The point is this: when you come home from those travels, even from so-called “superior” cultures, the fatherland fits like the slippers fit or the sweater or the smells or the sound; it’s just full of good associations, like the tree where you carved your initials.
“Never feel more attached to your fatherland or your tribe or your family than you do to the people of Christ.
So, it seems to me that this is good, and that the goodness is implied in the Bible, and God created us to be in skin, in languages, in families, in cultures. He doesn’t mean for us to despise our skin or our language or our culture, but rather to be at home in them, and to feel good about them — of course, we have to add — up to a point. They’re all sinful, and so we never give them absolute allegiance. We never cease to be exiles and sojourners, even in our families and tribes and ethnicities — indeed, in our own bodies.
Bound Together for Good
Now, Romans 13 seems to me to take this point of the special affection to the level of countries when it says that a state has the right to use the sword to maintain order and to defend itself against aggression. When it says that, it seems to me to be saying, in effect, that this fatherland has the right to exist. And if it has the right to exist, it would seem that the people who live there can be glad that it exists. They can say, “We’re glad that this fatherland exists. We like it here.”
They can say that without putting down other nations or cultures. You don’t have to be negative about another country because you love your own. That’s a lesson, by the way, we need to learn today at every level. In fact, I would argue that in globally connected nations, like we have today — this interdependent world of ours — you probably will fail to love your country if you fail to work for the good of other countries as well; we’re just too interdependent for that not to be true.
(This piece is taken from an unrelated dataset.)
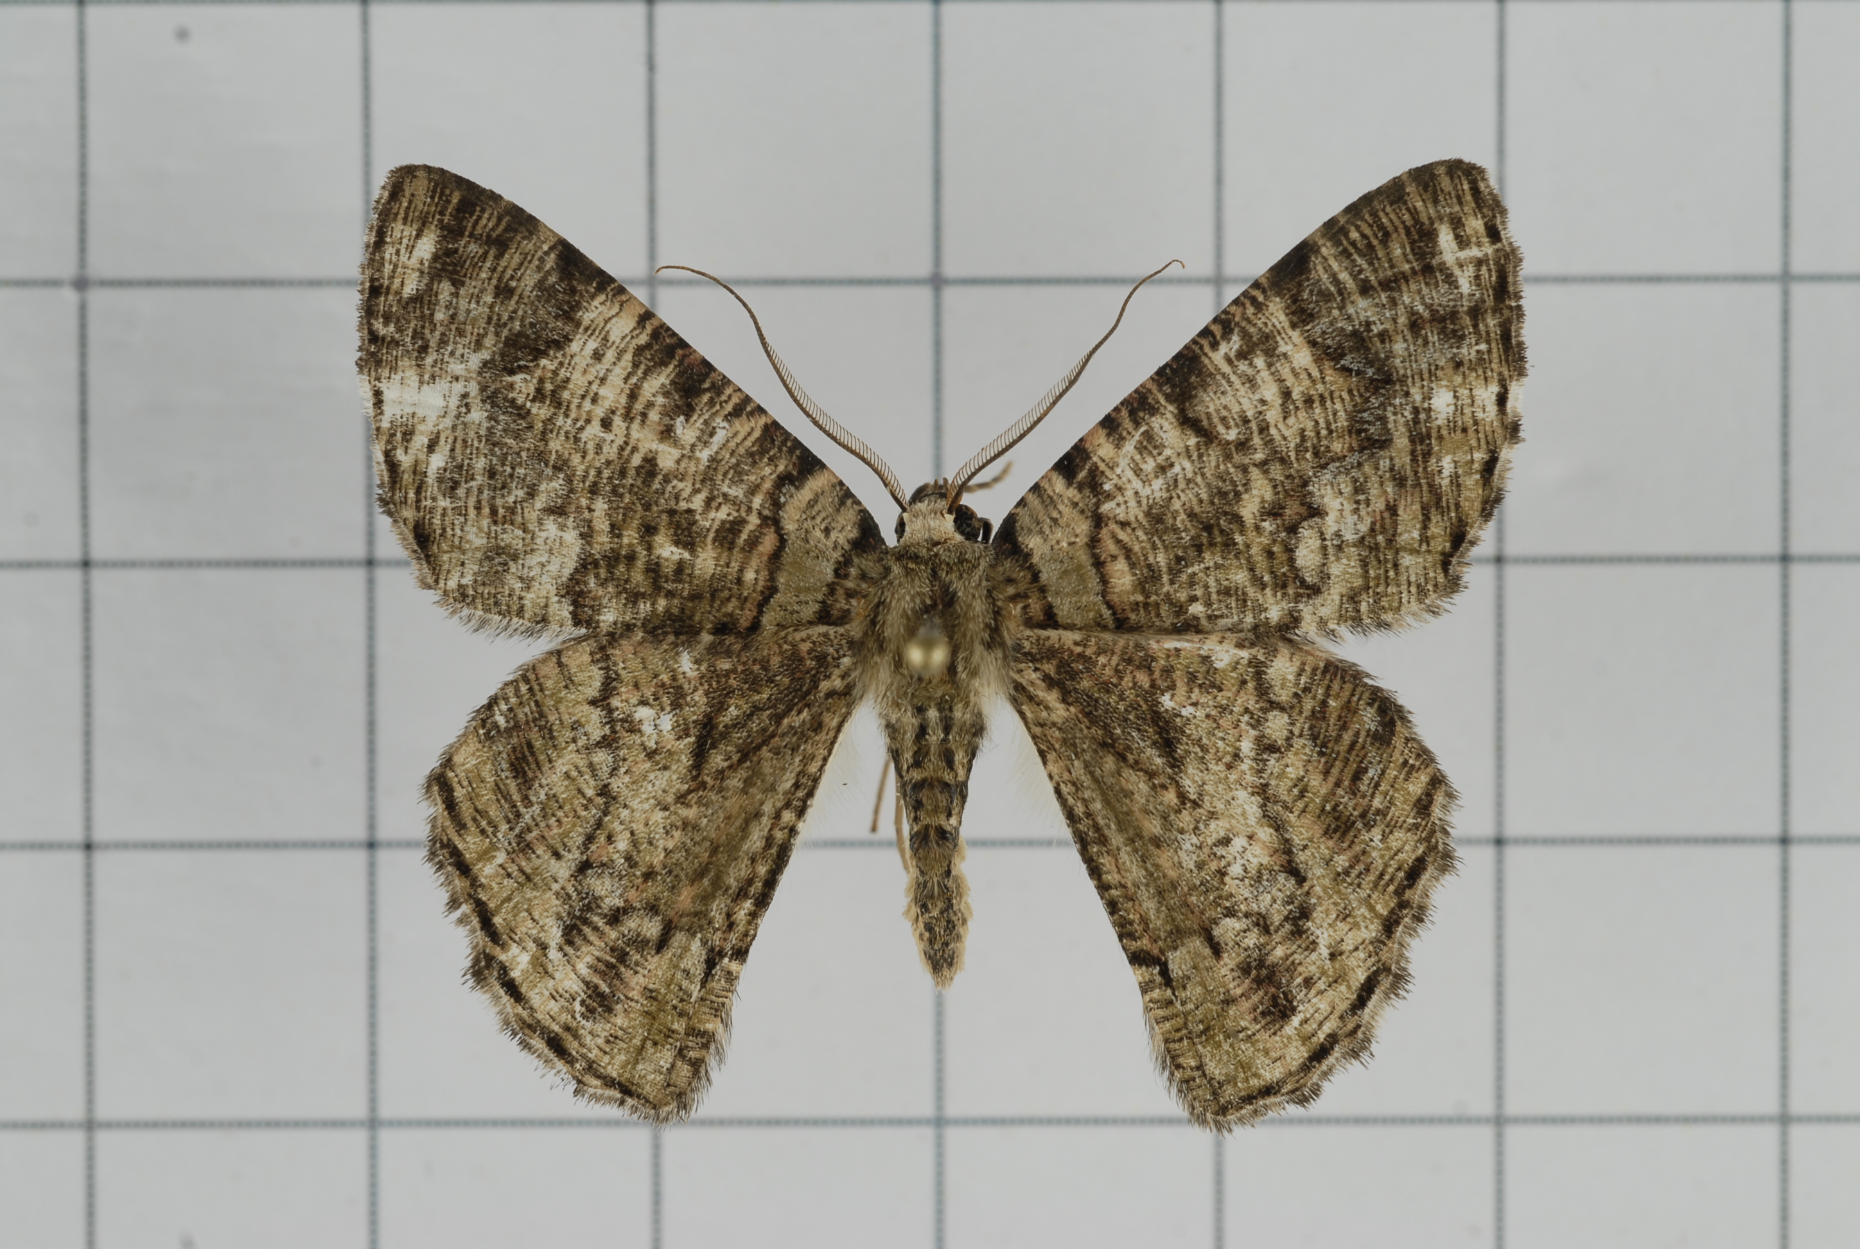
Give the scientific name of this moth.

Now, let me end on this note for Christians especially: never feel — never feel — more attached to your fatherland or your tribe or your family or your ethnicity than you do to the people of Christ. Everyone who is in Christ is more closely and permanently united to others in Christ, no matter the other associations, than we are to our nearest fellow citizen or party member or brother or sister or spouse. Oh, how many horrible indignities, injustices, contradictions of Christianity have been perpetrated because believers have failed to realize this: we are more bound together with other believers — no matter their ethnicity or their political alignments or their nationality — than we are to anybody in our own fatherland.
In the end, Christ has relativized all human allegiances, all human loves. Keeping Christ supreme in our affections makes all our lesser loves better, not worse. Under his flag, it is right to be thankful to God that we have a fatherland, a tribe, a family, an old pair of slippers that just fit right.